Loss of mobility because the sacrum is associated with high mobility

Increase of mobility because the lumbar vertebrae are normally associated with high mobility

Increase of mobility because the sacrum is associated with low mobility 

Correct answer:

Loss of mobility because the lumbar vertebrae are normally associated with high mobility

Explanation:

The lumbar region of the vertebrae is known for its high mobility and ability to support body weight. If it receives inappropriate signals during development and fuses with the sacrum, it will result in a loss of mobility in the individual. 

Example Question #2 : Help With Bone Injuries And Disorders

What carpal bone articulates with the radius and is the most commonly fractured bone in the wrist? 

Possible Answers:

Pisiform

Trapezium

Hamate

Scaphoid

Correct answer:

Scaphoid

Explanation:

The scaphoid, which articulates with the distal radius, is a very common fractured bone. It is located at the base of the thumb.

Example Question #3 : Help With Bone Injuries And Disorders

Legg-Calvé-Perthes disease involves avascular necrosis of which bone?

Possible Answers:

Mandible

Humerus

Scaphoid

Femur

Talus

Correct answer:

Femur

Explanation:

While the other bones listed are common sites of avascular necrosis, Legg-Calvé-Perthes disease specifically refers to avascular necrosis of the femoral head.

Example Question #2 : Help With Bone Injuries And Disorders

Which motion at the ankle, when take to the extreme, is likely to result in an avulsion fracture of the medial malleolus?

Possible Answers:

Dorsiflexion

Extension

Eversion

Inversion

Plantarflexion

Correct answer:

Eversion

Explanation:

End range ankle eversion tenses the deltoid ligament (medial collateral ligament of the ankle). However, at the extremes of ankle eversion, the high tensile strength of the deltoid ligament can cause the medial malleolus to avulse from the tibia.
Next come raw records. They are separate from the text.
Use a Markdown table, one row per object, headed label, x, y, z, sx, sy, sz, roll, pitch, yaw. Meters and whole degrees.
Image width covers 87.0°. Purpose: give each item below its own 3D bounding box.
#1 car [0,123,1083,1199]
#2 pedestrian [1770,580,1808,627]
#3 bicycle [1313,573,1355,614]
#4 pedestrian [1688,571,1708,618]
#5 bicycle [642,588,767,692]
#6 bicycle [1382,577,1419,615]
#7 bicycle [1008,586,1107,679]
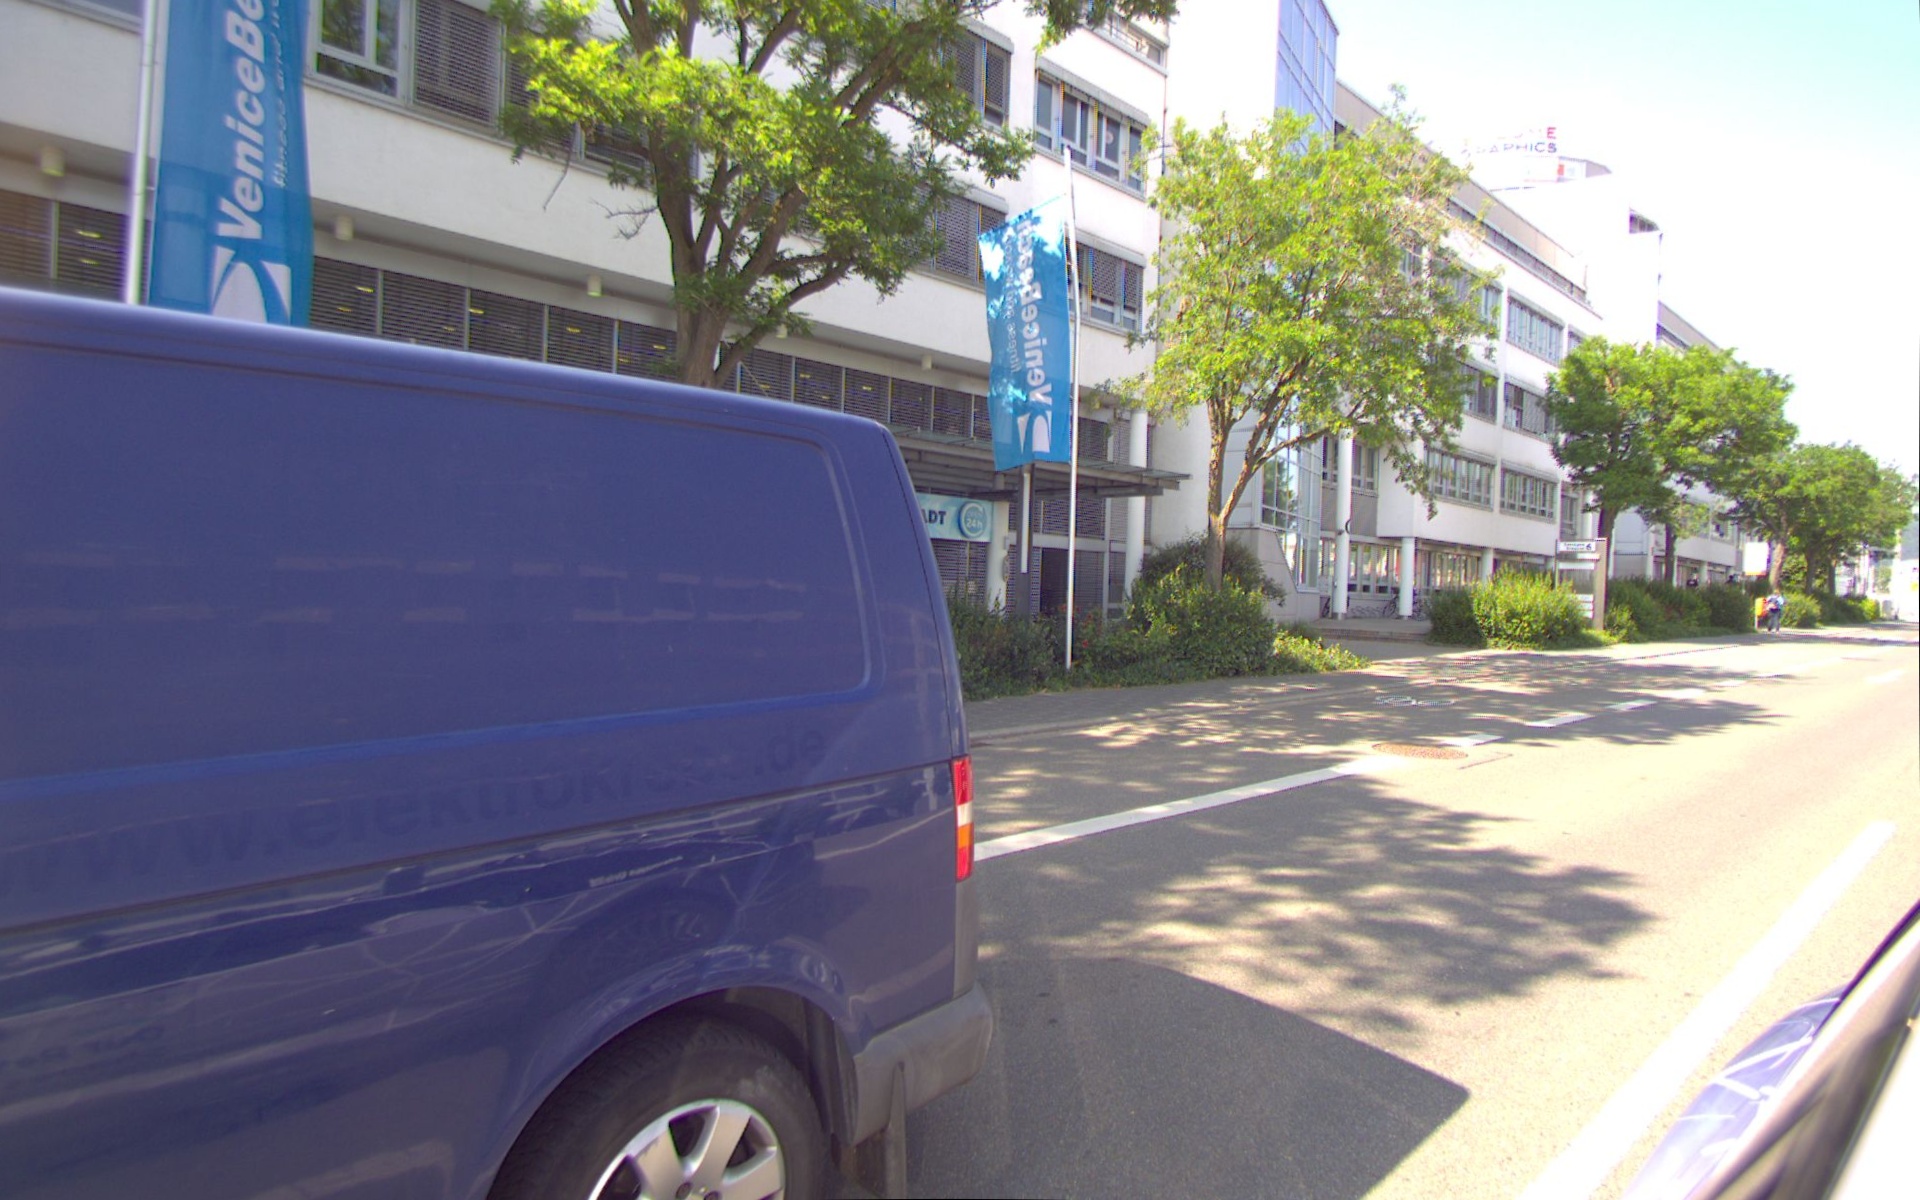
| label | x | y | z | sx | sy | sz | roll | pitch | yaw |
| --- | --- | --- | --- | --- | --- | --- | --- | --- | --- |
| car | -2.172 | 0.410 | 1.594 | 4.806 | 1.972 | 1.997 | -1 | 2 | -41 |
| pedestrian | 35.174 | 0.150 | 42.950 | 1.267 | 1.909 | 0.942 | 0 | 4 | -41 |
| bicycle | 12.893 | -0.216 | 34.883 | 1.852 | 1.371 | 0.506 | 0 | 1 | -41 |
| pedestrian | 40.638 | -0.314 | 55.736 | 0.704 | 2.581 | 0.716 | 0 | 1 | -43 |
| bicycle | -3.644 | 0.538 | 14.370 | 1.868 | 1.346 | 0.501 | 2 | 1 | 30 |
| bicycle | 16.334 | -0.148 | 37.506 | 1.852 | 1.371 | 0.506 | 0 | 1 | -41 |
| bicycle | 1.533 | 0.479 | 15.647 | 0.504 | 1.346 | 1.856 | 2 | 1 | 41 |

During inversion, this ligament is not tense.

Example Question #3 : Help With Bone Injuries And Disorders

Osgood-Schlatter's is characterized by repeated avulsion fractures of which bone?

Possible Answers:

Ischium

Ilium

Patella

5th metatarsal

Tibia

Correct answer:

Tibia

Explanation:

Although bony prominences on the other bones listed are common sites for avulsion fractures, Osgood-Schlatter's disease refers to the repeated avulsion of the tibial tuberosity, which can occur during growth spurts.

Example Question #4 : Help With Bone Injuries And Disorders

Following anterior dislocation of the humerus, the posterolateral posrtion of the humeral head can become injured. What is the name for this type of injury?

Possible Answers:

Hill-Sachs lesion

SLAP lesion

McLaughlin lesion

Bankart lesion

Reverse Hill-Sachs lesion

Correct answer:

Hill-Sachs lesion

Explanation:

(Superior Lateral Anterior Posterior) SLAP and Bankart tears are injuries to the glenoid labrum. Reverse-Hill Sachs and McLaughlin lesion are synonymous, however they are injuries to the anteromedial portion of the humeral head, and are caused by posterior dislocation of the humerus.

Example Question #1477 : Human Anatomy And Physiology

A Monteggia fracture is an injury to bone?

Possible Answers:

Femur

Talus

Patella

Fibula

Ulna

Correct answer:

Ulna

Explanation:

A Monteggia fracture is a fracture-dislocation injury that involves a fracture of the proximal ulna, and dislocation of the proximal radius.

Example Question #5 : Help With Bone Injuries And Disorders

Which of the following describes a grade V Salter-Harris fracture?

Possible Answers:

Fracture extending from the epiphysis, through the epiphyseal plate, and into the metaphysis

Fracture through the epiphyseal plate, with small fracture through metaphysis ("chip fracture")

Fracture through the epiphyseal plate and epiphysis

Compression injury to epiphyseal plate

Transverse fracture through the epiphyseal plate

Correct answer:

Compression injury to epiphyseal plate

Explanation:

A Salter-Harris type V fracture is a compress ion injury of the epiphyseal plate. The other choices listed are type I is a transverse fracture through the epiphyseal plate. Type IV is a fracture extending from the epiphysis, through the epiphyseal plate, and into the metaphysis. Type III is a fracture through the epiphyseal plate and epiphysis. Type II is a fracture through the epiphyseal plate, with small fracture through metaphysis ("chip fracture").